Massachusetts’ first-in-the-nation insurance exchange, which broke when the state changed it to comply with Obamacare, will be revamped or closed in favor of the U.S. enrollment system, officials said.

The state plans to pursue two options: building a new exchange using “off-the-shelf” technology, or joining the federal insurance marketplace, healthcare.gov. A final decision will be made this summer, Sarah Iselin, who oversees the exchange for Governor Deval Patrick, a Democrat, said in a phone interview. Massachusetts is the third state exchange to consider joining the federal system, after Oregon and Maryland.

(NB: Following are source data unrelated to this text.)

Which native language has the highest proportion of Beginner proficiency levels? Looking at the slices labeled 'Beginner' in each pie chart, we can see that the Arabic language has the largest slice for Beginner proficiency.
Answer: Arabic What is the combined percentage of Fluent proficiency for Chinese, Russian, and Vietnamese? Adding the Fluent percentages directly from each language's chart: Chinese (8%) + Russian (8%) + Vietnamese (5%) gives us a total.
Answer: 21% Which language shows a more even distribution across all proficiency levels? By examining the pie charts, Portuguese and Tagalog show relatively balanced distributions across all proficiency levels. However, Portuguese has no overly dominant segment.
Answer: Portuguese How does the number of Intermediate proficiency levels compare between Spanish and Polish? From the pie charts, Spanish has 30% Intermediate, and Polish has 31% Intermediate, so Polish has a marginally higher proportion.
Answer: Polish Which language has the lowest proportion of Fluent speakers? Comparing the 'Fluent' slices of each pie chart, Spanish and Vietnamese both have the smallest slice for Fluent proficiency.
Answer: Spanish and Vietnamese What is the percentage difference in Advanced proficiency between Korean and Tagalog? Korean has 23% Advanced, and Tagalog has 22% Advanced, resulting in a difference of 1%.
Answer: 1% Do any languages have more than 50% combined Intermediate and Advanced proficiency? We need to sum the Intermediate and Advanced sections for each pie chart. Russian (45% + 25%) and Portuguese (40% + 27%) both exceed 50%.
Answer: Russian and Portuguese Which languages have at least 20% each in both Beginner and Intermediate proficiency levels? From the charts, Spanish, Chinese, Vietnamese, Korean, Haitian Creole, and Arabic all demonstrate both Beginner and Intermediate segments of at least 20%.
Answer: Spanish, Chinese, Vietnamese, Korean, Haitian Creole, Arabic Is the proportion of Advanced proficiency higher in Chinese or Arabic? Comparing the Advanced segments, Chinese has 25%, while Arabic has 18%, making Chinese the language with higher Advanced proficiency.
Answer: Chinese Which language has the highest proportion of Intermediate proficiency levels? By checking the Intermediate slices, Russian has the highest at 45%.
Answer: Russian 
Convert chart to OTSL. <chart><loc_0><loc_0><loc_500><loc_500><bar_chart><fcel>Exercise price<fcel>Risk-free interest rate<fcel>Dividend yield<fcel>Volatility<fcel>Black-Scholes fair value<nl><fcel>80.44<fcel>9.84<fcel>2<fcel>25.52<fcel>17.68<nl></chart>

“Each of them has different risks and different challenges,” Iselin said. Joining the federal system for 2015 would be “a one-open-enrollment-period solution only,” she said.

Massachusetts created its exchange, called the Connector, under a 2006 health overhaul that was a model for the 2010 Patient Protection and Affordable Care Act, known as Obamacare. Death rates in the state fell 3 percent in the four years after Massachusetts expanded health insurance coverage under the reform, according to a study released yesterday by Harvard University School of Public Health researchers.

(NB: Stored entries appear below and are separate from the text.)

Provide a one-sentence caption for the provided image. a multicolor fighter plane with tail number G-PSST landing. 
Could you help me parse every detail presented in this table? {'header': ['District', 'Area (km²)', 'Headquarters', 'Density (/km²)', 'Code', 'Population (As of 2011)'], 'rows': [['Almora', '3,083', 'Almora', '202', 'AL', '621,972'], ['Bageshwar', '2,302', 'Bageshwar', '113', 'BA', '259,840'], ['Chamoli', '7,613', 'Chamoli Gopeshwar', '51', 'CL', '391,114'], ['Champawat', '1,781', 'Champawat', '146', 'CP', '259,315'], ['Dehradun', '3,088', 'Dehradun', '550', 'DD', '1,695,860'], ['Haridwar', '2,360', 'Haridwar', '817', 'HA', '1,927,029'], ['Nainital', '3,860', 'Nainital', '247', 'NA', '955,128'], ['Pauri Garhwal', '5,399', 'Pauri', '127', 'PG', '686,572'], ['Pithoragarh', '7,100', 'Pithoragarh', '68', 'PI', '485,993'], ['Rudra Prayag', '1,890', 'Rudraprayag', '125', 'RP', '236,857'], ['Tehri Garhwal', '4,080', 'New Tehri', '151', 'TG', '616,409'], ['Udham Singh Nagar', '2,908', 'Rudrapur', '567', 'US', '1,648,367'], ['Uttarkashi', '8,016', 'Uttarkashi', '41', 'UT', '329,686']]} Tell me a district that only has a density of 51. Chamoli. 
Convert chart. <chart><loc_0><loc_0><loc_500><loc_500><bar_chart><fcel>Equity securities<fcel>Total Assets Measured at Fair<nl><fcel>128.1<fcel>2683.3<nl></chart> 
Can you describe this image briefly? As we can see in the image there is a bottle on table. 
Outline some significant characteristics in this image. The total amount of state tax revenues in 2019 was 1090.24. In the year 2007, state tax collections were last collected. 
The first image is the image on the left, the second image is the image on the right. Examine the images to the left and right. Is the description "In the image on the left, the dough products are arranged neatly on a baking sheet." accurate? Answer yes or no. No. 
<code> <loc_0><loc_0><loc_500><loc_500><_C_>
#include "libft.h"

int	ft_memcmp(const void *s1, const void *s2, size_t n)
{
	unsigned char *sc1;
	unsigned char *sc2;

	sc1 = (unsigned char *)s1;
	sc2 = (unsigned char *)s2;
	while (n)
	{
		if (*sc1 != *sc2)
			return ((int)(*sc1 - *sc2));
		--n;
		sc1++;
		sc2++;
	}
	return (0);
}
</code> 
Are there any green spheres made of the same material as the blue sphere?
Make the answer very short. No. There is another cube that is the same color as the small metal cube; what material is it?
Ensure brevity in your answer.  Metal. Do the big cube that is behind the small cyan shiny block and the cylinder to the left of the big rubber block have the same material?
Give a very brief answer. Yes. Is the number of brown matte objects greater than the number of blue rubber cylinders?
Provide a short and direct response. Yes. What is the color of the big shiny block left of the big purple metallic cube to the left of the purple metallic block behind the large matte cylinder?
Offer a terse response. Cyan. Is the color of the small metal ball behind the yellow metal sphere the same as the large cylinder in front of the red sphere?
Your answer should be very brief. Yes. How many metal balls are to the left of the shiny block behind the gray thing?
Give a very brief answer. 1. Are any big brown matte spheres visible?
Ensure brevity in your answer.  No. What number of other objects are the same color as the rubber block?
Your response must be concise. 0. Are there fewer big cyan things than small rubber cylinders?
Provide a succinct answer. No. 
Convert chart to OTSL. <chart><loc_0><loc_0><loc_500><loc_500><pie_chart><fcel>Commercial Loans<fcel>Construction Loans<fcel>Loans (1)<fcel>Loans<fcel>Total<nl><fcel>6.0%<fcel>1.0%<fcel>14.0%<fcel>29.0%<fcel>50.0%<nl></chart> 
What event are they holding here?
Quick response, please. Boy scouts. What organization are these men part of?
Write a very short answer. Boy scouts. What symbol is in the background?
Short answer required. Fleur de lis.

Fourteen states and the District of Columbia chose to build their own insurance enrollment exchanges under Obamacare while the federal government’s site served as the marketplace for the rest of the nation. The Connector failed in October after upgrades to comply with the national law by CGI Group Inc., which also built the faulty federal exchange.

More Money

While repairs to healthcare.gov were successful, the Connector never enrolled people online for 2014 coverage. Patrick’s administration requested $50 million in additional funding from the federal government in March for the Connector, and plans to buy technology from hCentive Inc., a Reston, Virginia-based company with products that are used by functional exchanges in Colorado and Kentucky, Iselin said.

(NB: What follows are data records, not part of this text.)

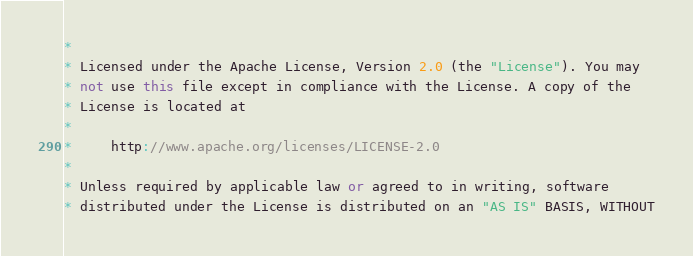Convert code to text. <code><loc_0><loc_0><loc_500><loc_500><_C++_>*
* Licensed under the Apache License, Version 2.0 (the "License"). You may
* not use this file except in compliance with the License. A copy of the
* License is located at
*
*     http://www.apache.org/licenses/LICENSE-2.0
*
* Unless required by applicable law or agreed to in writing, software
* distributed under the License is distributed on an "AS IS" BASIS, WITHOUT</code> 
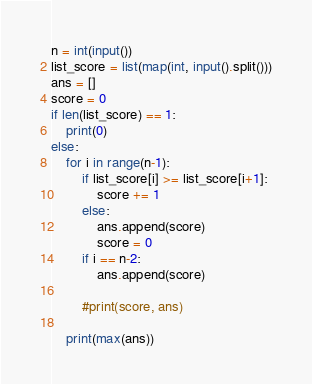<code> <loc_0><loc_0><loc_500><loc_500><_Python_>n = int(input())
list_score = list(map(int, input().split()))
ans = []
score = 0
if len(list_score) == 1:
    print(0)
else:
    for i in range(n-1):
        if list_score[i] >= list_score[i+1]:
            score += 1
        else:
            ans.append(score)
            score = 0
        if i == n-2:
            ans.append(score)

        #print(score, ans)

    print(max(ans))</code> 
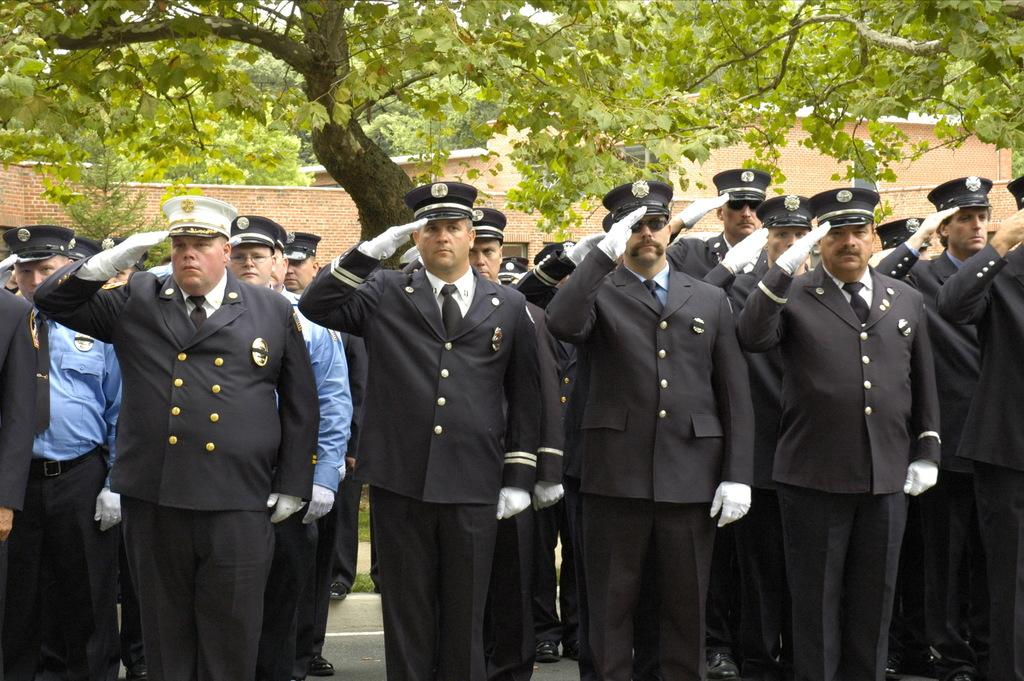What can be seen in the foreground of the image? There are people standing in the foreground of the image. What is visible in the background of the image? There are houses and trees in the background of the image. How much payment is required to enter the houses in the image? There is no indication of payment or entering the houses in the image; it simply shows houses in the background.

The federal government gave Massachusetts $180 million in grants to upgrade the Connector, according to the Kaiser Family Foundation, a Menlo Park, California-based nonprofit group that has tracked implementation of the health law.

Massachusetts signed up 304,000 people for new insurance coverage during the Affordable Care Act’s six-month enrollment period, Patrick’s office said in a statement. The state relied on work-arounds including temporarily placing tens of thousands of customers into its Medicaid program.

Iselin said federal officials haven’t yet decided whether Massachusetts will get the extra money it has requested.

Officials in Maryland, whose exchange also failed, have asked for $45 million to buy replacement technology for their system to try to fix their system. Oregon, another state with a failed exchange, will join the federal system next year.